Asking patients to tell us what we don’t know

By Lisa Willemse
Note: Names of patient advocates and other identifying information have been omitted for privacy considerations.
Twenty-six people had gathered in the room. One, a patient with a spinal cord injury, arrived in a wheel chair. Another had Huntington’s disease. Two of the women had multiple sclerosis and another had vision loss. In all, eight of those assembled had first-hand experience living with a severe, debilitating illness. 
All were patient advocates, some of whom worked for their representative health charities. They joined the remaining 18, representing health charities and organizations focused on research and clinical translation.
They came to listen and to share their expertise and perspectives on clinical trials and regenerative medicine, something that strangely doesn’t happen very often. It’s not hard to imagine why not:  although everyone in the room wants the same thing – treatments or cures for injury and disease – each group has its own focus. Different branches of the same tree, reaching in the same direction, but not necessarily touching. We amass a great deal of knowledge and experience that doesn’t simply jump from one side of the tree to the other. We sometimes forget that it doesn’t.
That separation can create barriers to communication: jargon or assumptions about the level of knowledge – dangerous things if it makes patients more susceptible to the risks of unproven therapies. 
Event organizers, the Ontario Institute for Regenerative Medicine (OIRM) and Clinical Trials Ontario (CTO), brought everyone together in Toronto to understand the gaps in knowledge in order to understand how they could align communications efforts to enable patients, medical professionals and health charities obtain better information and make better decisions about their health. The day was bookended by presentations from OIRM and CTO to provide background information and set the stage for the focused discussions.
Even within this small group, there were a range of experiences. One MS patient spoke openly about her travels to the United States and her hope that paying for unconventional therapies that are unapproved in Canada would stall or perhaps even reverse the progression of her disease. Another woman, who had taken part in a stem cell clinical trial in Ottawa, is now considered cured of a rare and aggressive neurological disorder. 
But, despite many differences, some clear commonalities emerged. The first part of the discussion asked what information was needed about clinical trials to help patients. Patient advocates and health charity staff provided these insights:
  • Ensure specialists and other health care practitioners are kept up-to-date with clinical trial information, since these are where they turn first for advice.
  • More support for patients from health care providers. They should not be expected to have all the answers but should at least be able to advise on informed consent and provide credible resources.

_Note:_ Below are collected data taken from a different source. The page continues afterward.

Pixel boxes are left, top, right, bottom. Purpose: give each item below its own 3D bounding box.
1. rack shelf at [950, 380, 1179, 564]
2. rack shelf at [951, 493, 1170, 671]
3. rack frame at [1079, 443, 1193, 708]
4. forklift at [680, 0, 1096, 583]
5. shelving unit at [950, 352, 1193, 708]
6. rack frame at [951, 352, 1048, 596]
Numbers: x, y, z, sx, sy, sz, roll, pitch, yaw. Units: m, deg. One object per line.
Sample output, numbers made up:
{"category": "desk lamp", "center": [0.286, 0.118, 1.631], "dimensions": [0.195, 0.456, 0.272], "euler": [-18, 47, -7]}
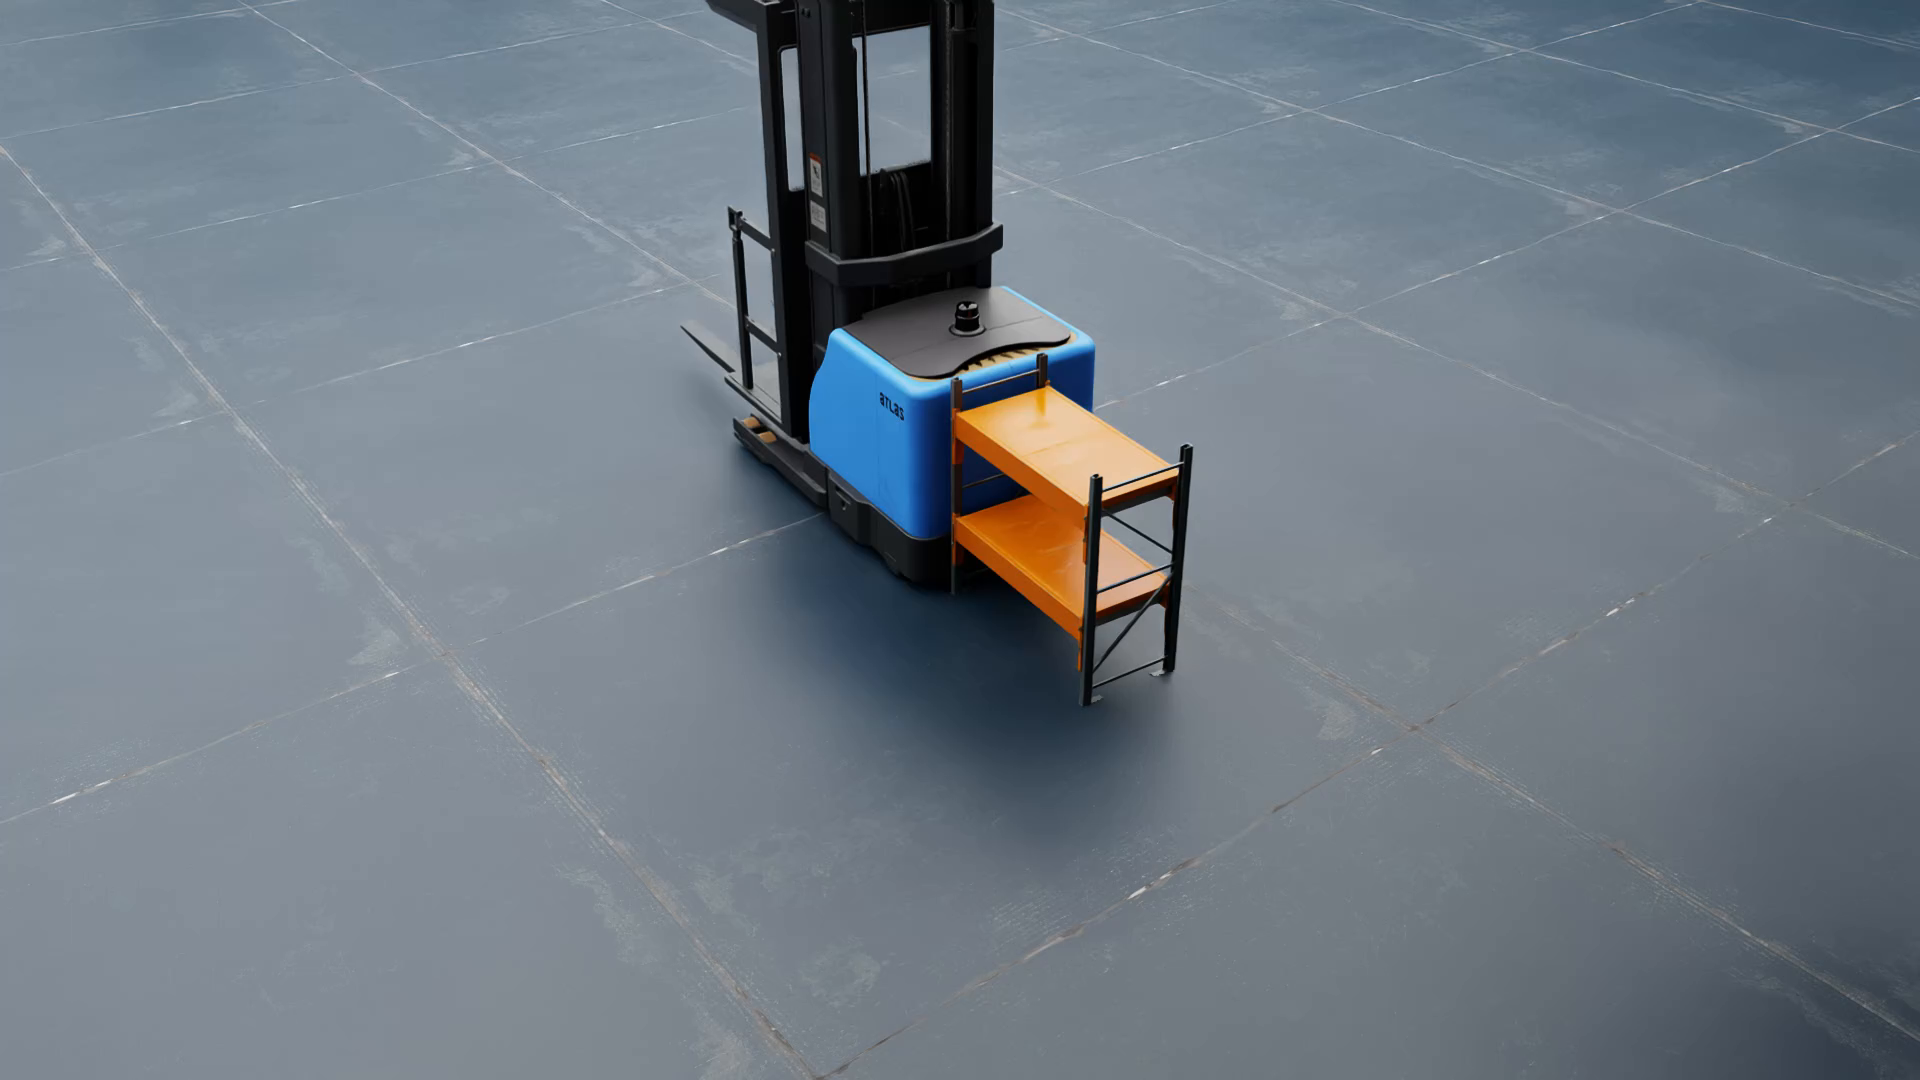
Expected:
{"category": "rack shelf", "center": [0.452, -0.313, 7.134], "dimensions": [0.538, 0.278, 1.000], "euler": [-19, 36, -27]}
{"category": "rack shelf", "center": [0.452, 0.143, 7.417], "dimensions": [0.538, 0.278, 1.000], "euler": [-19, 36, -27]}
{"category": "rack frame", "center": [0.727, 0.161, 6.925], "dimensions": [0.500, 1.125, 0.032], "euler": [-19, 36, -27]}
{"category": "forklift", "center": [-0.572, -1.781, 8.339], "dimensions": [1.130, 2.935, 3.031], "euler": [-19, 36, -27]}
{"category": "shelving unit", "center": [0.452, -0.065, 7.288], "dimensions": [0.538, 1.125, 1.048], "euler": [-19, 36, -27]}
{"category": "rack frame", "center": [0.177, -0.290, 7.651], "dimensions": [0.500, 1.125, 0.032], "euler": [-19, 36, -27]}

  • Need improved ways to search for relevant clinical trials.
  • Need for basic explainers on clinical trials for patients to help them determine eligibility and understand protocol.

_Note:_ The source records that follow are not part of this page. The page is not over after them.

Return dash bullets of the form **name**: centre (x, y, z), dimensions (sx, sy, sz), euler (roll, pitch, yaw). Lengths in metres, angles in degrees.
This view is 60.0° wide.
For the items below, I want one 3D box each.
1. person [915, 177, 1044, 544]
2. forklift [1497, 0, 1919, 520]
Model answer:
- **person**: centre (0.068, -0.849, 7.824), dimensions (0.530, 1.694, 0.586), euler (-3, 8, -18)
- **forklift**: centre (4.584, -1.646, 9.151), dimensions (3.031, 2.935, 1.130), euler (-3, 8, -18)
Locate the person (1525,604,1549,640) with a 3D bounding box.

  • Need clear Information about clinical trial stages and why many are for “end-of-life”.
  • Patients should be a part of the process from research to clinical trial to help develop protocols and ethical discussions so that it better represents what is happening in the real world with those with the disease.
  • Need clear language on travel or other costs of clinical trial and what follow up it will entail.

The second part of the discussion focused on stem cells specifically, as asked what information is needed about stem cell therapies available through clinical trials and those available outside clinical trials. Feedback included these main points:

  • Scientists need to be better trained to provide direct, jargon-free answers about stem cell clinical trials and future therapy timelines for patients. As one participant commented, “We’re kind of in the wild west where we have a lot of scientists who are new to the clinical space and they need to have the tools to communicate more effectively as experts.”
  • Alignment of patient engagement protocols across the various organizations. 
  • Need for better resources on one site, including information on risks, where Canada is in relation to other countries that are offering treatments. 
  • Need a list of questions to ask when considering a stem cell therapy. List should include questions for the prospective clinic but also for the patient’s Canadian health care provider. (Author note: Lists of this sort do exist, notably one produced by the International Society for Stem Cell Research, and another produced by the Huntington Society of Canada.)
As one patient advocate exclaimed: “I didn’t know what I didn’t know! I had filled out an application online was accepted to a stem cell clinic in Panama. The cost per treatment was $21,000 and I didn’t know what questions to ask!”
The many questions about stem cell treatments outside of Canada indicated that this was an area of both interest and concern on behalf of patient advocates. They included questions regarding success rates, availability of funds for post-treatment in Canada, where treatments can be obtained and what preparation should be done in advance of treatment. In essence, they were asking “How do I assess a therapy being offered by a clinic outside of Canada?”
One reason it is challenging to answer this question is that there is no systematic way of assessing the quality or accuracy of the information, since most unregulated clinics do not publish data, so there is no way to establish an effective or safe protocol. However, it was obvious that the importance of published data and treatment protocols is not yet fully understood by the patient audience, and thus presents another item for consideration that was not explicitly raised. 
Many of the 26 people who were in that Toronto room had never had the opportunity to share or listen to the questions and experiences that framed understanding and perceptions of clinical trials and stem cell treatments. The organizers walked away with a long list of ideas, some feasible, others less so, that they can use to improve patient engagement and to create better communications products. The patient advocates and health charities will know that their insights were valuable and that further engagement will follow.